Он говорил долго — семь вечеров подряд. Он рассказывал о мальчике, который боялся бубнов и рисовал птиц. О женщине, которая любила его больше жизни. О войнах, походах, плене и славе. О городе, который поднялся на берегу Волхова. О законах, которые защитили слабых. О птице, которая вела его всю жизнь.
Когда он закончил, его спросили: «Откуда ты знаешь всё это?»
Он усмехнулся. Потом показал на своё плечо — под рубахой, у ключицы, был выжжен знак. Птица с тремя зубцами.
«Я — из его рода, — сказал он. — Я — из тех, кто помнит».
А потом он встал, поклонился и вышел в ночь. И больше его не видели.
Но рассказ его остался. Его передавали из уст в уста, от отца к сыну, от матери к дочери. Пока однажды не записали на бересте, а потом — на пергаменте.
Так появилась эта история.
Так появился Рюрик.
ПРОЛОГ. СОКОЛ
Балтийское побережье. Земля словен ильменских. Городище на высоком мысу, там, где река делает крутой изгиб перед впадением в Варяжское море. Зима. Месяц студень. Год 840-й от Рождества Христова — или около того, ибо точного счёта здесь не ведут. Здесь считают от пращуров, от первых родов, от начала мира, когда Сварог выковал солнце, а Даждьбог пустил его по небесному кругу.
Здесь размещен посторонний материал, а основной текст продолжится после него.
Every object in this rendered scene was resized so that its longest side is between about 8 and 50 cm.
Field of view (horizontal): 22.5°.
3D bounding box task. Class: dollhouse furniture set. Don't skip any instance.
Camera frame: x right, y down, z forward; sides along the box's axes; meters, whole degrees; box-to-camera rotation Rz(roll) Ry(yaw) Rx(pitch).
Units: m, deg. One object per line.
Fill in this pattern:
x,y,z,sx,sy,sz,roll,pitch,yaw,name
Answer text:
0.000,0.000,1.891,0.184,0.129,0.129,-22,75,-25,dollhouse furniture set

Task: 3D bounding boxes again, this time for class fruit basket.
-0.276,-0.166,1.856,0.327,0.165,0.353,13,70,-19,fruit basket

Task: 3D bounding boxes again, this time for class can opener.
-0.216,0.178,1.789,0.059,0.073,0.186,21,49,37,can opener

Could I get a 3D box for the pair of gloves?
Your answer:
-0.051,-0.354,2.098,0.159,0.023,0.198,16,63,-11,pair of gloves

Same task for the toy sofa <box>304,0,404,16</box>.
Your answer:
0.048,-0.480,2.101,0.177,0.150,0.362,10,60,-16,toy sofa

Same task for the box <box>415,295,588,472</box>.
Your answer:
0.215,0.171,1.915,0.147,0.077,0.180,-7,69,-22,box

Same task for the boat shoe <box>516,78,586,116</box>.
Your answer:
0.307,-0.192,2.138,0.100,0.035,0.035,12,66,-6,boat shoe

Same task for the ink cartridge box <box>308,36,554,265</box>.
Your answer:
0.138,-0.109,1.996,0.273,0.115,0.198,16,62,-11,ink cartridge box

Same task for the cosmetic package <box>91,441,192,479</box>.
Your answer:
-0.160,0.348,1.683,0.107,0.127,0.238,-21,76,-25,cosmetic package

Место это зовётся ныне Старой Ладогой, и впереди у него — столетия славы, торговли и войн. Но пока — это небольшое поселение на окраине славянских земель, затерянное между лесом, болотами и холодным морем. Здесь живут люди, называющие себя словенами. Они пришли сюда от озера Ильмень, от реки Волхов, гонимые то ли нуждой, то ли поиском лучшей доли, то ли волей богов. Они поставили дома на высоком берегу, обнесли их частоколом и стали жить — охотой, рыбной ловлей, бортничеством, а больше — торговлей и войной.
Время здесь течёт по солнцу и луне. Зимой, когда дни коротки, а ночи длинны, люди сидят у очагов, прядут, режут по кости, точат оружие, рассказывают старые истории. Летом — работают от зари до зари: пашут, сеют, жнут, ловят рыбу, ходят в лес за мёдом диких пчёл. Осенью — собирают урожай, бьют скотину, готовят припасы к зиме. Весной — жгут старую траву, чинят сети, выходят в море.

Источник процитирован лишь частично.